The main purpose of the bold and sparkling Ulster Museum (free entry) seems to be to entertain while it informs. Walking through the door, the visitor is treated to a four-storey overview. A great steel and glass display tower “Window on our World” rises high into the atrium, scattered with random wonders. I wrote down: 1908 Chambers Car, Ireland’s most complete dinosaur fossil, Viking brooches, gold coins from the Spanish Amada, a Solomon Islands canoe, and Alex McQueen’s Hummingbird Dress. They have certainly managed to take the dull out of the old. And there’s a fresh air bonus: the Botanical Gardens are right next door.
The city does not try to draw a veil over its violent past. The Ulster Museum gives a frank and honest overview of Ulster’s history, including The Troubles, the frightful 1963-1985 period of sectarian strife.
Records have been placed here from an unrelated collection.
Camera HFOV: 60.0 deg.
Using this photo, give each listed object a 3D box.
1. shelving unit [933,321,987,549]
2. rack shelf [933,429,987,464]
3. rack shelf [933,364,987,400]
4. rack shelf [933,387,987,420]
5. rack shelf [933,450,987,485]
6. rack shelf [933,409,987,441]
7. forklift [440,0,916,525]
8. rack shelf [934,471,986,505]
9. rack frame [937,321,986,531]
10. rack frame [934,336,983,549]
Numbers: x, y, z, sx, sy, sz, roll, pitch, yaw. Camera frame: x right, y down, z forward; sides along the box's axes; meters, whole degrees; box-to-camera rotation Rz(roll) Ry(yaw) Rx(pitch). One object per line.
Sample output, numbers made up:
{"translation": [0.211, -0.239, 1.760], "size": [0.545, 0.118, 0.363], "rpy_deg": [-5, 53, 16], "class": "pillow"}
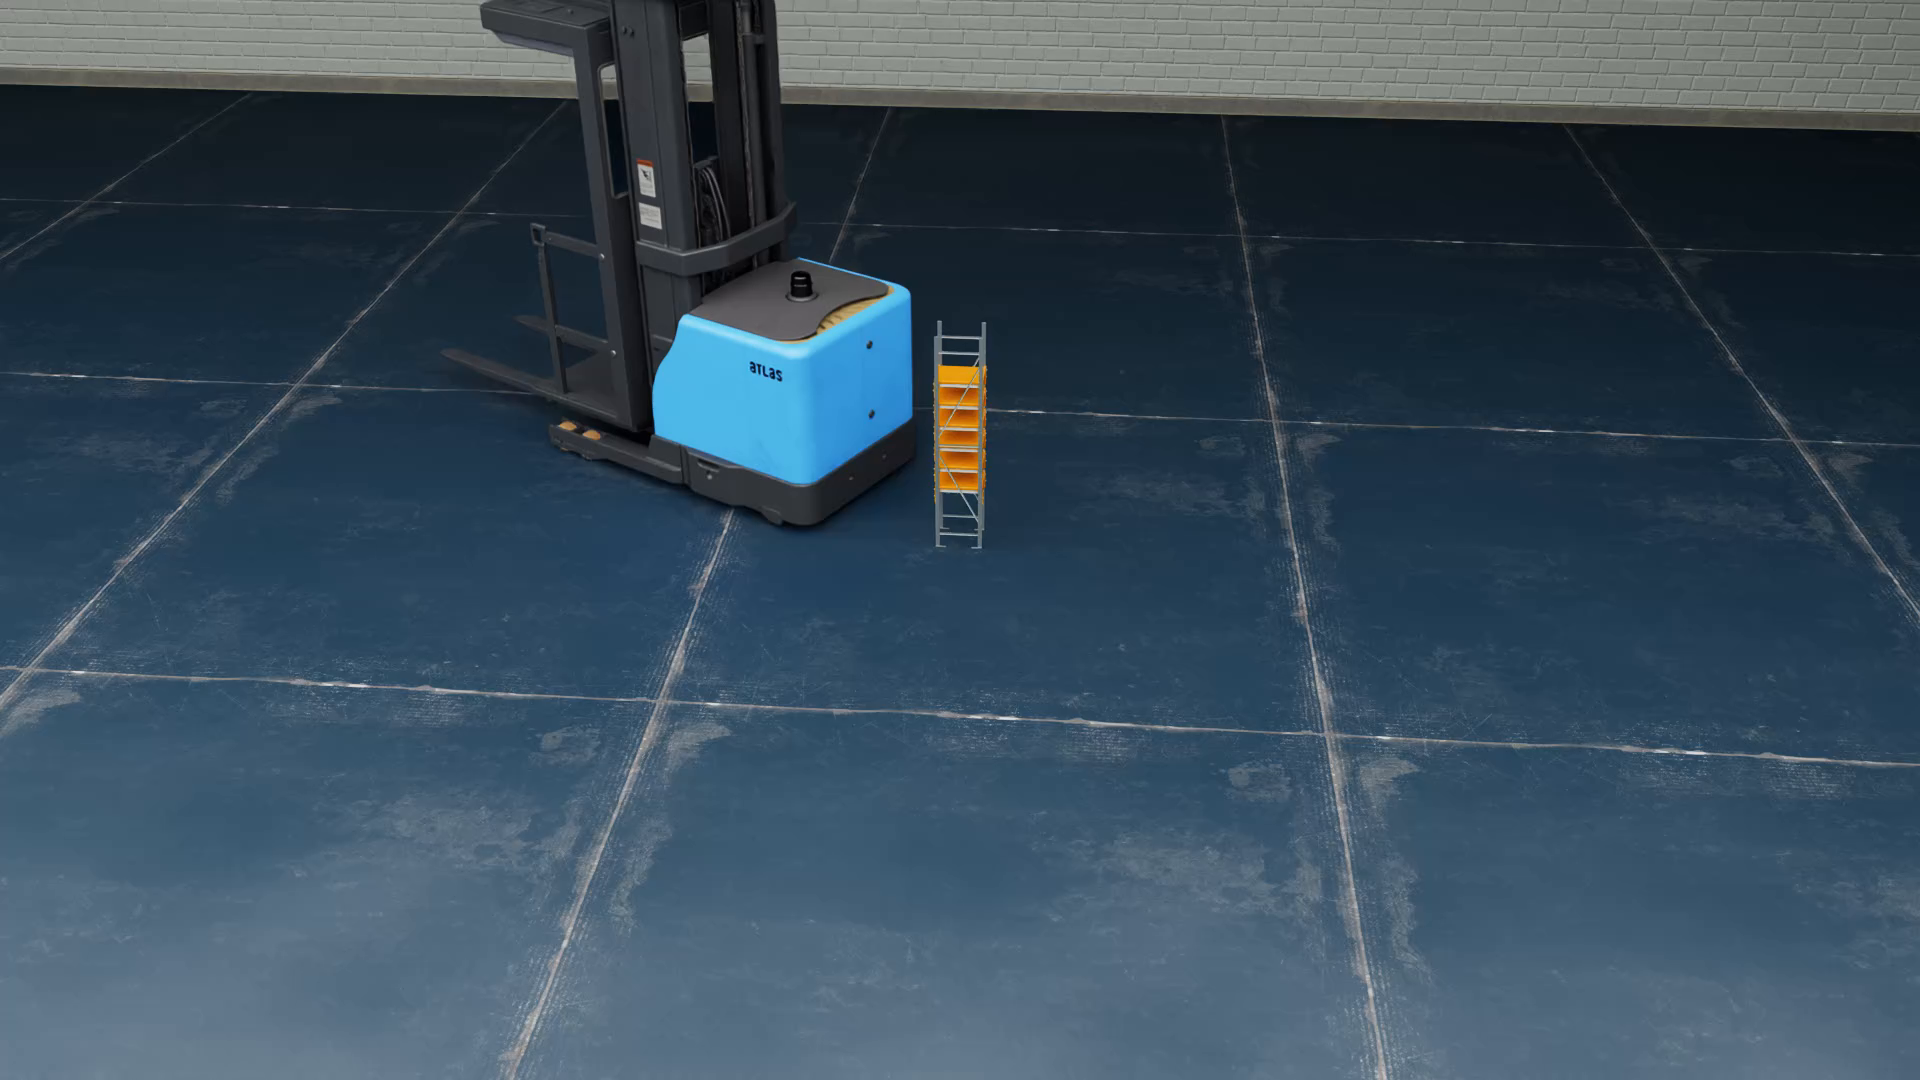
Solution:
{"translation": [0.001, -0.518, 8.447], "size": [0.258, 1.200, 0.189], "rpy_deg": [2, 32, 4], "class": "shelving unit"}
{"translation": [0.001, -0.481, 8.471], "size": [0.258, 0.103, 0.180], "rpy_deg": [2, 32, 4], "class": "rack shelf"}
{"translation": [0.001, -0.787, 8.282], "size": [0.258, 0.103, 0.180], "rpy_deg": [2, 32, 4], "class": "rack shelf"}
{"translation": [0.001, -0.685, 8.345], "size": [0.258, 0.103, 0.180], "rpy_deg": [2, 32, 4], "class": "rack shelf"}
{"translation": [0.001, -0.378, 8.534], "size": [0.258, 0.103, 0.180], "rpy_deg": [2, 32, 4], "class": "rack shelf"}
{"translation": [0.001, -0.583, 8.408], "size": [0.258, 0.103, 0.180], "rpy_deg": [2, 32, 4], "class": "rack shelf"}
{"translation": [-1.754, -1.913, 9.060], "size": [3.031, 2.935, 1.130], "rpy_deg": [19, 37, 28], "class": "forklift"}
{"translation": [0.001, -0.276, 8.597], "size": [0.258, 0.103, 0.180], "rpy_deg": [2, 32, 4], "class": "rack shelf"}
{"translation": [0.009, -0.566, 8.525], "size": [0.240, 1.200, 0.006], "rpy_deg": [2, 32, 4], "class": "rack frame"}
{"translation": [-0.006, -0.471, 8.370], "size": [0.240, 1.200, 0.006], "rpy_deg": [2, 32, 4], "class": "rack frame"}

Our guide on the open top bus tour did more in an hour than multiple news reports down the years to explain the great damage 300 years of hatred actually wreaked on Belfast. He gave an excellent, and impartial commentary as we weaved around the key locations, from the outrageous excess of Stormont Castle, set imperiously on the hill above the city, to the tragic Falls Road and Shankill Road, still divided by an enormous wall, on which world leaders write prayers of peace. The rival murals celebrating figures in the struggle are both moving and terrifying for the passions they betray. Then the bus pulls on to sedate Victorian streets that could be anywhere in Britain. Another way to understand the city’s troubled past is on a personalized tour in a black cab.
I stayed at the five-star Culloden hotel, a great slab of stone-built Victorian elegance high and peaceful in sloping parkland six miles out of town, overlooking Belfast Lough, a five minute taxi ride from George Best Airport. With an excellent restaurant, spa and swimming pool (nearby are two golf courses and Holywood village and the County Antrim coastline) it’s the very model of the genteel and spacious country hotel.